# New to me tapping head



## Janger (Dec 4, 2022)

Well I've inherited an old tapping head. It's been rusting away in my neighbors garage - I changed the battery in her car and asked her if she would part with it. She had no idea what it was and her husband passed a while back - she was happy to give it to me. I have no idea what I now own or if it even works. Here are some pictures. It looks like the husband welded the shaft at some point. Where can I find a manual - I'll google later.. pictures coming up.


----------



## Janger (Dec 4, 2022)

Pics


----------



## David_R8 (Dec 4, 2022)

Love the speaker ports!


----------



## Ian Moss (Dec 5, 2022)

I had something similar at one time. As I remember, it had cone shaped friction clutches top and bottom (inside). Pressing down engaged the clockwise rotation, and lifting up engaged a counter rotating action through the other clutch and a gear train to reverse the direction. Worked ok, and you had some control over the torque applied by adjusting the pressure by the drillpress or mill manual feed handle.


----------



## Tom Kitta (Dec 5, 2022)

I have very similar sized tapping head.
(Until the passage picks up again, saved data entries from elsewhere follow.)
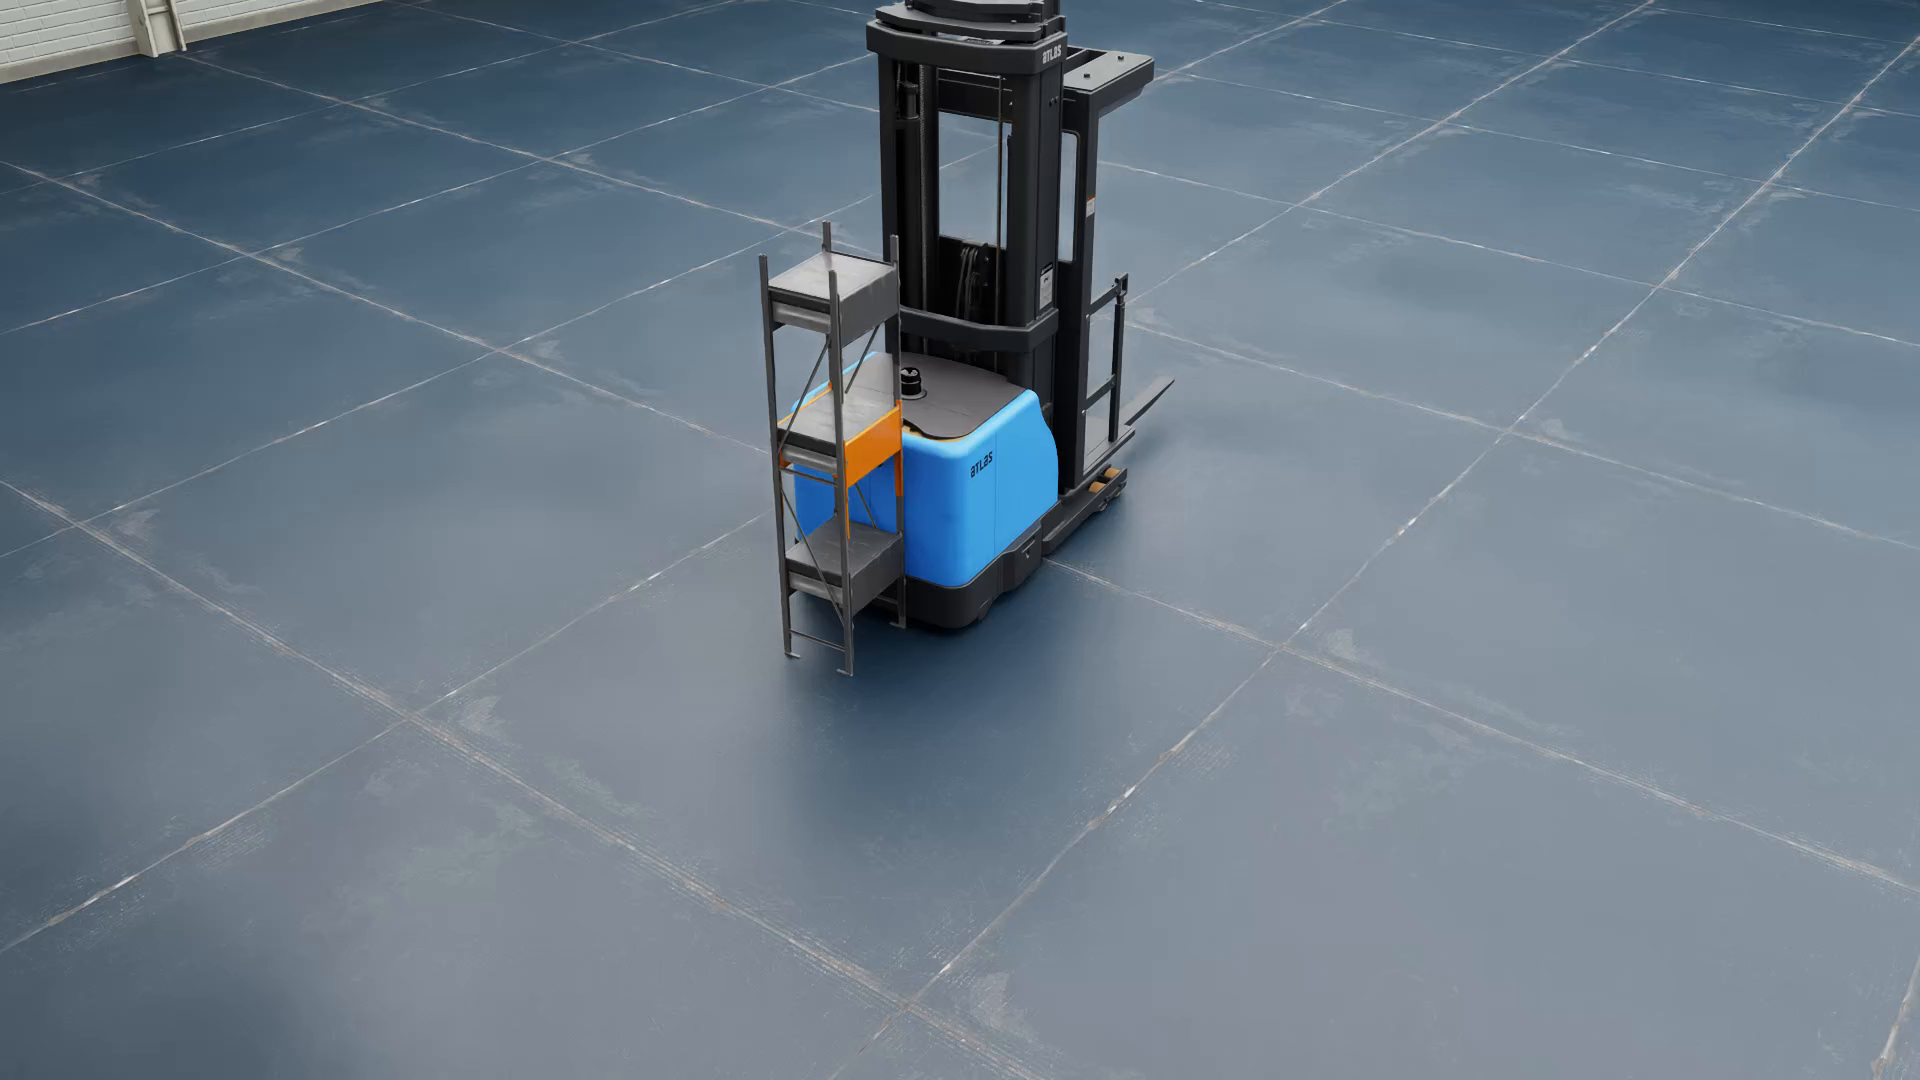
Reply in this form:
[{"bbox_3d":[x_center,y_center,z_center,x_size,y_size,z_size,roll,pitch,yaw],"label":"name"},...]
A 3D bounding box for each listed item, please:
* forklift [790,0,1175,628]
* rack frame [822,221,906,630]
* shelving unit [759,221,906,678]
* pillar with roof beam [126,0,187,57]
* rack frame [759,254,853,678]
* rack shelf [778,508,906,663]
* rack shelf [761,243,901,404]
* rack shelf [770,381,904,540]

These are worth around $100 CAD or so. 

The hole near speakers is for the bar that blocks on the column of the drill press. 

They usually have MT spindle - looks like this one needs some fixing / was modified. 

Looks like standard tapping chuck - I have few of these. It also looks like collet- less tapping chuck - i.e. no need for these expensive (!) rubber flex collets.


----------